I wasn’t afraid of dying, but I was afraid of being alone when I did. It seemed both were inevitable.
When I was pregnant with Elise, I spoke a vow so solemn that it was unbreakable. I had been sitting in bed, awake with acid reflux and Braxton-Hicks contractions, unable to sleep. Holding my fat belly in my arms, I promised my unborn baby that I would be there for every important moment. The first word. The first step. The first boyfriend. Graduation. Wedding. Grandchildren. I would somehow conquer death, as if I had that power, to be there whenever my child needed me.
Oh, how naive I was back then. Back in a time of ignorant bliss, when the world was pure and simple and filled with hope. I never expected the crushing blow as life’s hammer swung down and smashed my perfect little dreams into perfect little pieces. I had never anticipated crouching in those shards, waiting for another blow. That’s all I seemed to do these days—wait for it.
Back then, every image I envisioned included me, Ben, and our children. I never fathomed life without him. Why would I? In my mind, I could singlehandedly defy death and divorce, with Ben by my side. It turns out I couldn’t. And it turns out he wouldn’t. Some days, single motherhood felt damn near close to death.

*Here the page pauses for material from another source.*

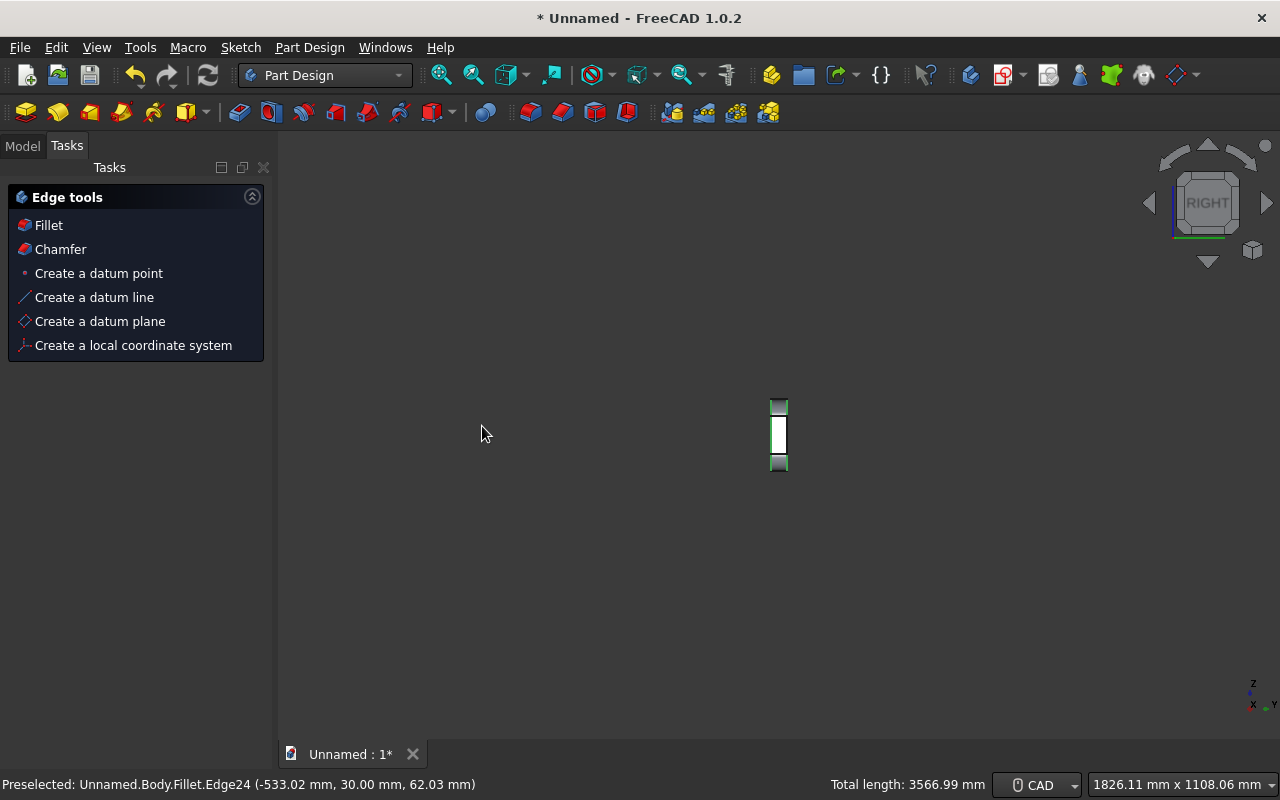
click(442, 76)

Single mothers are plainclothes heroes. Anyone who, after an exhausting day of work, can multitask helping the kids with their homework while figuring out what to cook for dinner that the kids won’t grouch about, followed by kitchen cleanup, then an hour-long bedtime routine—all of this on her own—deserves a friggin’ medal. Or at least a spa day. If you thought being a police officer or a firefighter or a doctor was hard, think about the single mothers out there. They are the toughest of them all. And I was now cursed to be one of them.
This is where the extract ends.